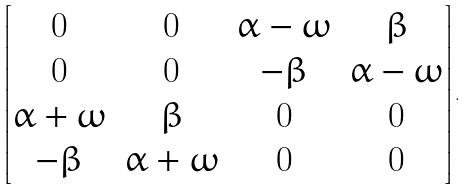<formula> <loc_0><loc_0><loc_500><loc_500>\begin{bmatrix} 0 & 0 & \alpha - \omega & \beta \\ 0 & 0 & - \beta & \alpha - \omega \\ \alpha + \omega & \beta & 0 & 0 \\ - \beta & \alpha + \omega & 0 & 0 \end{bmatrix} .</formula> 
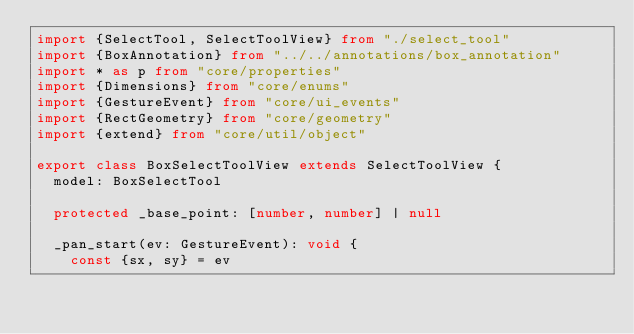Convert code to text. <code><loc_0><loc_0><loc_500><loc_500><_TypeScript_>import {SelectTool, SelectToolView} from "./select_tool"
import {BoxAnnotation} from "../../annotations/box_annotation"
import * as p from "core/properties"
import {Dimensions} from "core/enums"
import {GestureEvent} from "core/ui_events"
import {RectGeometry} from "core/geometry"
import {extend} from "core/util/object"

export class BoxSelectToolView extends SelectToolView {
  model: BoxSelectTool

  protected _base_point: [number, number] | null

  _pan_start(ev: GestureEvent): void {
    const {sx, sy} = ev</code> 
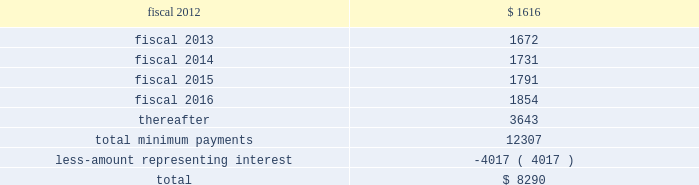Table of contents finance lease obligations the company has a non-cancelable lease agreement for a building with approximately 164000 square feet located in alajuela , costa rica , to be used as a manufacturing and office facility .
The company was responsible for a significant portion of the construction costs , and in accordance with asc 840 , leases , subsection 40-15-5 , the company was deemed to be the owner of the building during the construction period .
The building was completed in fiscal 2008 , and the company has recorded the fair market value of the building and land of $ 15.1 million within property and equipment on its consolidated balance sheets .
At september 24 , 2011 , the company has recorded $ 1.6 million in accrued expenses and $ 16.9 million in other long-term liabilities related to this obligation in the consolidated balance sheet .
The term of the lease , which commenced in may 2008 , is for a period of approximately ten years with the option to extend for two consecutive 5-year terms .
At the completion of the construction period , the company reviewed the lease for potential sale-leaseback treatment in accordance with asc 840 , subsection 40 , sale-leaseback transactions .
Based on its analysis , the company determined that the lease did not qualify for sale-leaseback treatment .
Therefore , the building , leasehold improvements and associated liabilities remain on the company 2019s financial statements throughout the lease term , and the building and leasehold improvements are being depreciated on a straight line basis over their estimated useful lives of 35 years .
Future minimum lease payments , including principal and interest , under this lease were as follows at september 24 , 2011: .
The company also has to a non-cancelable lease agreement for a building with approximately 146000 square feet located in marlborough , massachusetts , to be principally used as an additional manufacturing facility .
As part of the lease agreement , the lessor agreed to allow the company to make significant renovations to the facility to prepare the facility for the company 2019s manufacturing needs .
The company was responsible for a significant amount of the construction costs and therefore in accordance with asc 840-40-15-5 was deemed to be the owner of the building during the construction period .
The $ 13.2 million fair market value of the facility is included within property and equipment on the consolidated balance sheet .
At september 24 , 2011 , the company has recorded $ 1.0 million in accrued expenses and $ 15.9 million in other long-term liabilities related to this obligation in the consolidated balance sheet .
The term of the lease is for a period of approximately 12 years commencing on november 14 , 2006 with the option to extend for two consecutive 5-year terms .
Based on its asc 840-40 analysis , the company determined that the lease did not qualify for sale-leaseback treatment .
Therefore , the improvements and associated liabilities will remain on the company 2019s financial statements throughout the lease term , and the leasehold improvements are being depreciated on a straight line basis over their estimated useful lives of up to 35 years .
Source : hologic inc , 10-k , november 23 , 2011 powered by morningstar ae document research 2120 the information contained herein may not be copied , adapted or distributed and is not warranted to be accurate , complete or timely .
The user assumes all risks for any damages or losses arising from any use of this information , except to the extent such damages or losses cannot be limited or excluded by applicable law .
Past financial performance is no guarantee of future results. .
What portion of the total future minimum lease payments , including interest is due within the next 12 months? 
Computations: (1616 / 12307)
Answer: 0.13131. 
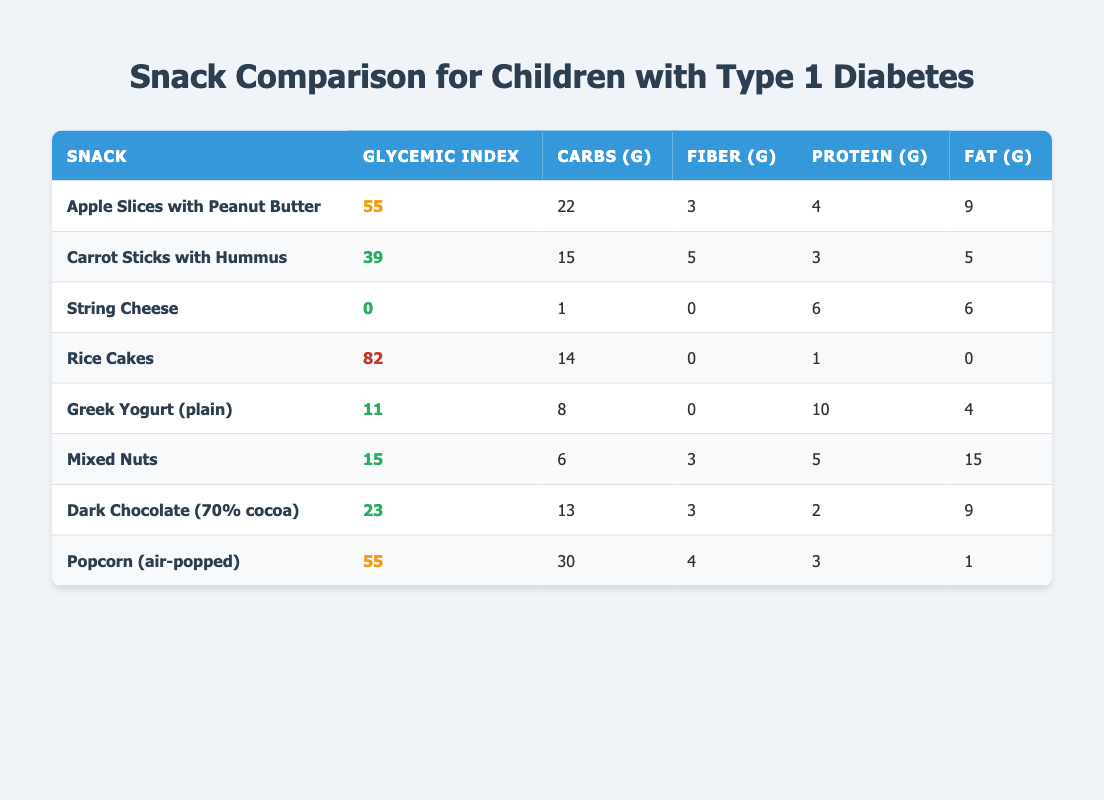What is the glycemic index of Greek Yogurt (plain)? The glycemic index is provided in the table under the "Glycemic Index" column for each snack. For Greek Yogurt (plain), the glycemic index is listed as 11.
Answer: 11 Which snack has the highest glycemic index? By comparing the glycemic index values in the table, Rice Cakes have the highest glycemic index at 82.
Answer: Rice Cakes What is the average carbohydrates per serving among the snacks? To find the average carbohydrates, sum the carbohydrates per serving for all snacks (22 + 15 + 1 + 14 + 8 + 6 + 13 + 30) = 109. There are 8 snacks, so the average is 109/8 = 13.625.
Answer: 13.625 Is String Cheese considered a low glycemic index snack? The glycemic index of String Cheese is 0, which is below the threshold of 55 for low glycemic index. Therefore, it is indeed considered a low glycemic index snack.
Answer: Yes What is the difference in protein content between Mixed Nuts and Greek Yogurt (plain)? The protein content of Mixed Nuts is 5 grams and for Greek Yogurt (plain) is 10 grams. The difference is calculated as 10 - 5 = 5.
Answer: 5 Which snacks contain more than 20 grams of carbohydrates per serving? The table indicates that Apple Slices with Peanut Butter (22g) and Popcorn (air-popped) (30g) both have more than 20 grams of carbohydrates per serving.
Answer: Apple Slices with Peanut Butter and Popcorn (air-popped) How many snacks have a glycemic index under 25? Upon reviewing the glycemic index values in the table, the snacks with indices under 25 are String Cheese (0), Greek Yogurt (plain) (11), Mixed Nuts (15), and Dark Chocolate (23). This totals 4 snacks.
Answer: 4 What is the total fat content for all snacks combined? To find the total fat content, sum the fat per serving for all snacks (9 + 5 + 6 + 0 + 4 + 15 + 9 + 1) = 49 grams total fat.
Answer: 49 Which snack has the least amount of carbohydrates per serving? The table shows that String Cheese has the least amount of carbohydrates at 1 gram per serving.
Answer: String Cheese 
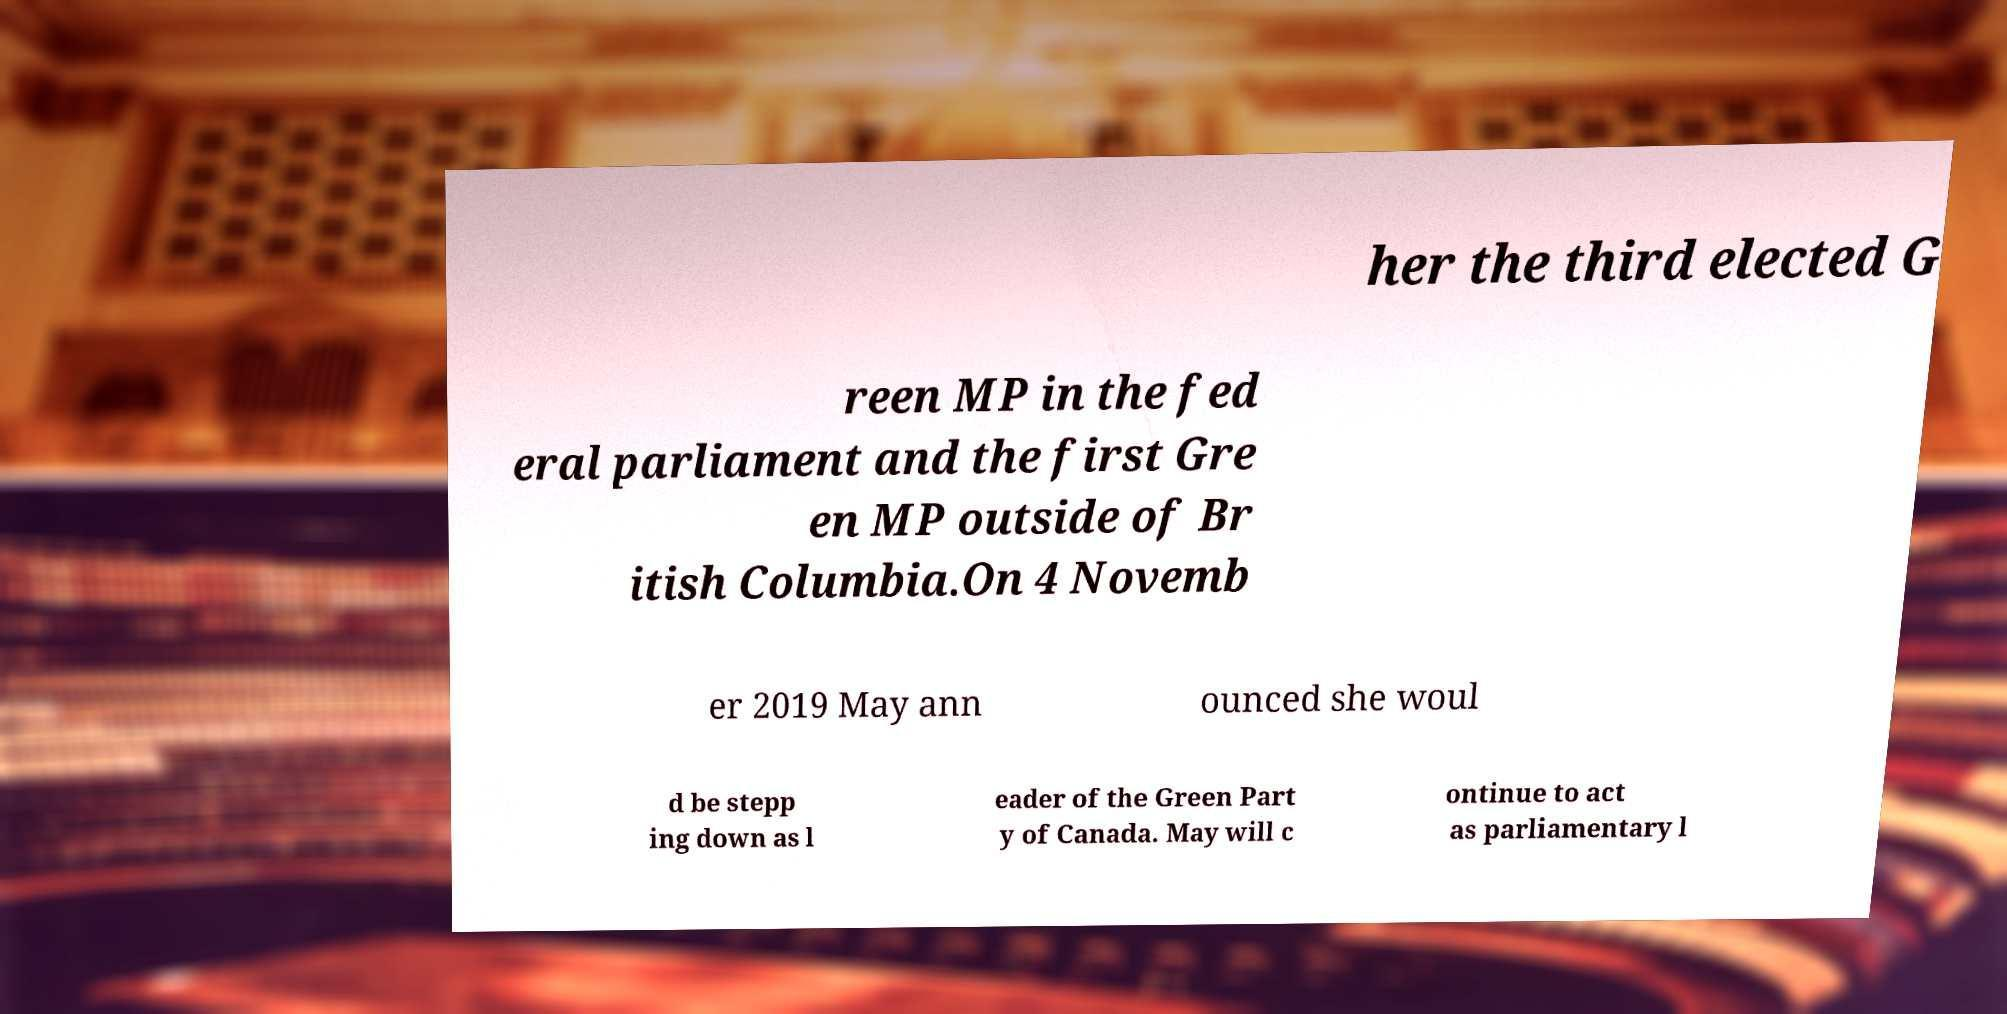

:::::

- [EXERCISE PROMPT]: Using the listing above, show each line holding the string "equipment".

- [OUTPUT FOR THIS TASK]:
The building was completed in fiscal 2008 , and the company has recorded the fair market value of the building and land of $ 15.1 million within property and equipment on its consolidated balance sheets .
The $ 13.2 million fair market value of the facility is included within property and equipment on the consolidated balance sheet .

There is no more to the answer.